Er will seine Rache - er kriegt sie!


Die Deindizierungswelle alter Arnie-Streifen begann 2010 mit "Predator". Die Gunst des Kinostarts von "Predators", dem dritten Teil der Reihe, nutzten die Damen und Herren bei FOX und man reichte das Original bei der BPjM ein. Diese sah "die im Film enthaltenen Gewaltdarstellungen aus heutiger Sicht nicht länger als verrohend" (BPjM Aktuell 01/2011, Seite 29 ) an und strich John McTiernans Zeitdokument der Reagan-Ära nach 22 Jahren Index-Dasein am 30.05.2010 von der Liste. Wie bei "Terminator" gab es nach erfolgter Neuprüfung eine Freigabe ab 16 Jahren.


Auch 2011 durften sich Arnie-Fans über eine weitere Listenstreichung eines hervorragenden Klassikers erfreuen. Paul Verhoevens herrlich und übertrieben blutiger Mars-Ausflug "Die totale Erinnerung - Total Recall" wurde am 31.08.2011 nach 20 Jahren vom Index befreit. Erneut sah das Prüfergremium der Bundesprüfstelle die "darin enthaltenen Gewaltdarstellungen aus heutiger Sicht nicht länger als verrohend" (BPjM Aktuell 01/2012, Seite 26 ) an. Das sahen die Kollegen bei der FSK sicher auch so, dennoch war ich von der anschließenden Jugendfreigabe etwas überrascht. Trotz deutlich erkennbarer Überspitzung zählt "Total Recall" für mich immer noch zu seinen härtesten Filmen.


Wie auch "Predator" feiert Arnies anschließender Film "Running Man" in diesem Jahr sein 30-jähriges Jubiläum. In Deutschland lief er am 30.06.1988 an. Wie auch "Predator" wurde Arnies anschließender Film "Running Man" indiziert.

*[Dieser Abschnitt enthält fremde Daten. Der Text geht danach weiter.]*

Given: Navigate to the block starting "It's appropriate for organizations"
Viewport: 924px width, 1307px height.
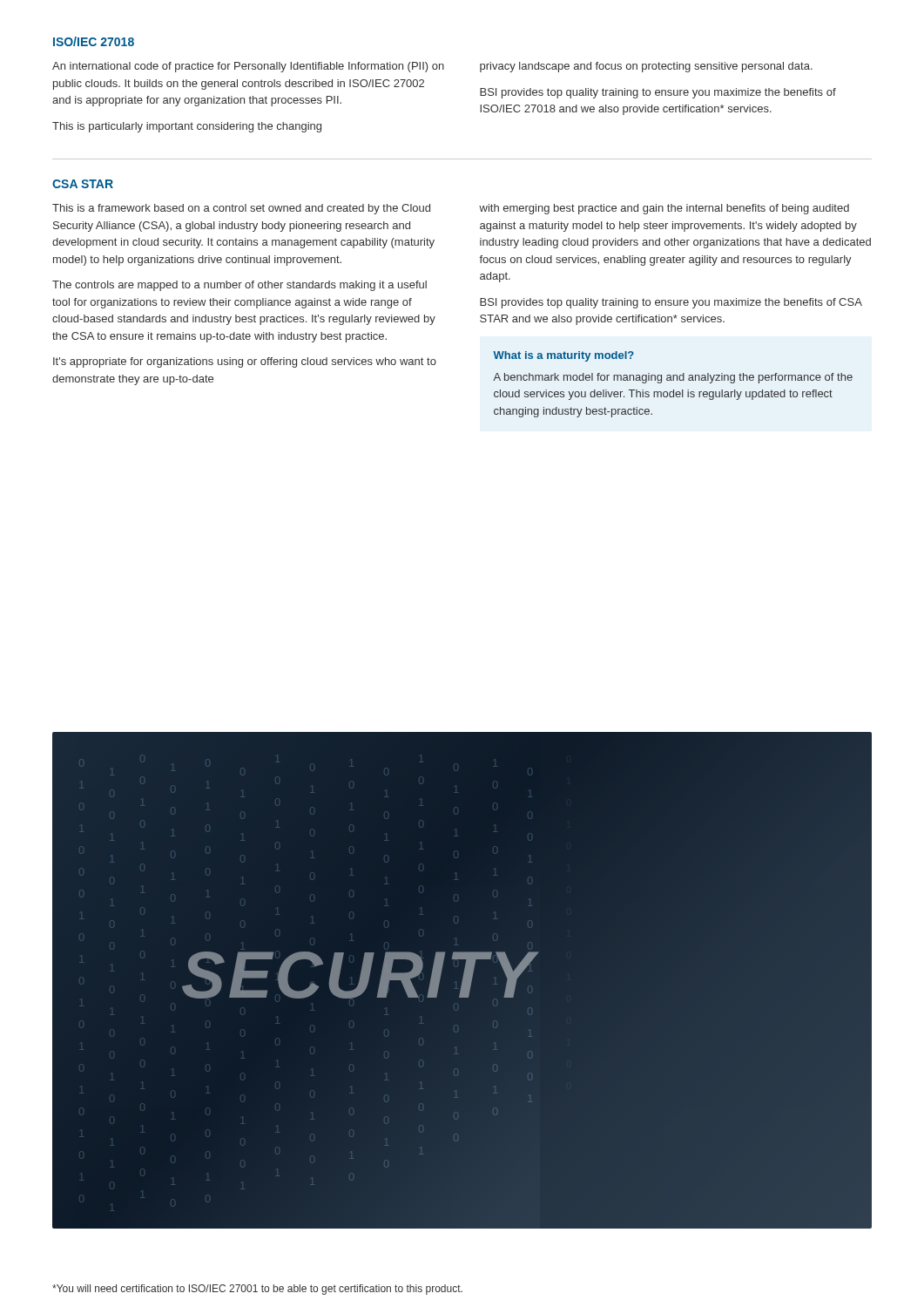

Die Bundesprüfstelle attestierte ihm eine Jugendgefährdung, weshalb man die lose Adaption des gleichnamigen Stephen-King-Romans (hier unter seinem Pseudonym Richard Bachman) am 28.02.1989 einkassierte. Dort verharrte die dystopische Sci-Fi-Action-Satire fristgemäß 25 Jahre. Nach erneuter Prüfung kam man zu dem Ergebnis, dass der Film keine sozialethische oder desillusionierende Wirkung mehr auf Jugendliche aufweise und verschonte ihn mit einer Folgeindizierung. Seit dem 31.01.2014 ist damit der letzte Film von Arnold Schwarzenegger vom Index runter.

1991 erfolgte die letzte Indizierung eines Schwarzenegger-Films und steht damit auch stellvertretend für das Ende einer Ära, in der in den USA übermenschliche Action-Helden als Symbol für eine unkaputtbare Weltmacht stehen (sollten) und in Deutschland langsam Ruhe in die (erste) Hysterie um Videogewalt einkehrte. Die Stallones und Schwarzeneggers haben sich etabliert, erfolgreiche Ausflüge ins Family Entertainment unternommen und erlangten Status als Pop-Ikonen.